El pañuelo a la cabeza
José María Belausteguigoitia Landaluce era otra cosa, una fuerza de la naturaleza. 193 centímetros de altura y 95 kilos de músculo puestos al servicio del Athletic. Honesto y viril, famoso por el pañuelo de cuatro nudos con el que se protegía de una incipiente alopecia, prenda que popularizó como estandarte de un fútbol para hombres de una pieza, fue el mediocentro indiscutible, la columna imponente sobre la que reposó el equipo durante doce temporadas. Ganó seis copas y fue el capitán de la selección en los Juegos de Amberes. Fue allí donde parece ser que pronunció, en un partido ante Suecia, su famosa frase de «Sabino, a mí el pelotón que los arrollo». No deja de ser curioso, por cierto, que el héroe fundacional de la llamada furia española fuese un abogado nacionalista, militante primero del PNV y luego de ANV, euskaldunberri en un tiempo donde serlo era una excentricidad, que tuvo que exiliarse dos veces, la última y definitiva tras la Guerra Civil. Pero así se escribe la historia.
La cinta métrica
Aquel gran Athletic que conquistaría tres títulos consecutivos no tardó en desquitarse de la derrota en la final del año anterior. Una vez reparado el cisma entre los poderes del fútbol y creada la Real Federación Española, ésta decidió crear un nuevo formato en la Copa. La disputarían los cuatro vencedores de los campeonatos regionales. El Athletic arrasó en el suyo y se enfrentó en las semifinales contra el Vigo Sporting, al que también dilapidó, ni más ni menos que por 11-0, con cuatro goles de Pichichi y tres de Apón.

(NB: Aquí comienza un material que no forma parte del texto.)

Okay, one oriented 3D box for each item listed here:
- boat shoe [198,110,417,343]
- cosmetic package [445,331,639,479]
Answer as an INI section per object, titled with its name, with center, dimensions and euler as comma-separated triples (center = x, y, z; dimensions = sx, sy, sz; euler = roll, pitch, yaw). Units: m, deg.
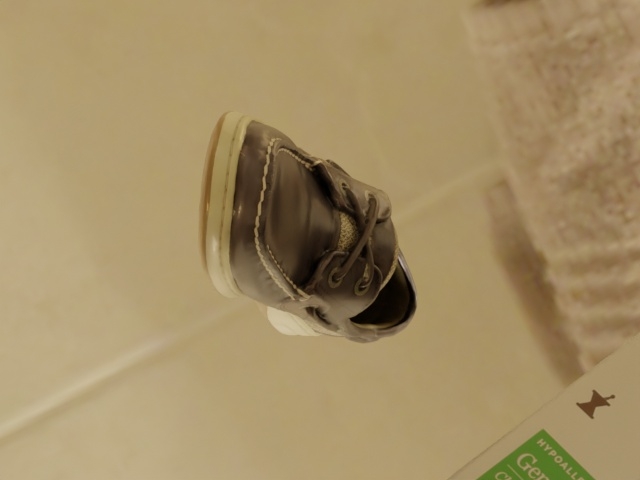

Se cuenta que, al término del partido, para el que se contrató por primera vez a un árbitro inglés, mister Rowland, el portero vigués Méndez pidió una cinta métrica para comprobar si las porterías de San Mamés tenían las medidas reglamentarias. Es de suponer que, durante la cena de confraternización entre los dos equipos en la cafetería La Alcazaba, que quedaba en los bajos de la sede del club en la calle Ayala, el 'goal keeper' gallego tuvo que soportar algunas bromas por su exceso de suspicacia. El partido de vuelta, ya intrascendente, terminó con empate a tres.
La final se disputó en Irún el 10 de mayo de 1914. La victoria del Athletic fue más ajustada de lo esperado. El España de Barcelona planteó un choque duro y áspero, sin concesiones y sin amilanarse ante la masiva presencia de hinchas rojiblancos en las gradas de Costorbe. Dos goles de Seve Zuazo en los minutos 20 y 29 encarrilaron el partido. Coletas marcó el gol del honor para el España en el minuto 89. El Athletic obtenía así su sexto título de Copa y su hinchada cantaba por primera vez el 'Alirón', tras adaptar a su antojo la letra de un cuplé que había popularizado Teresita Zazá.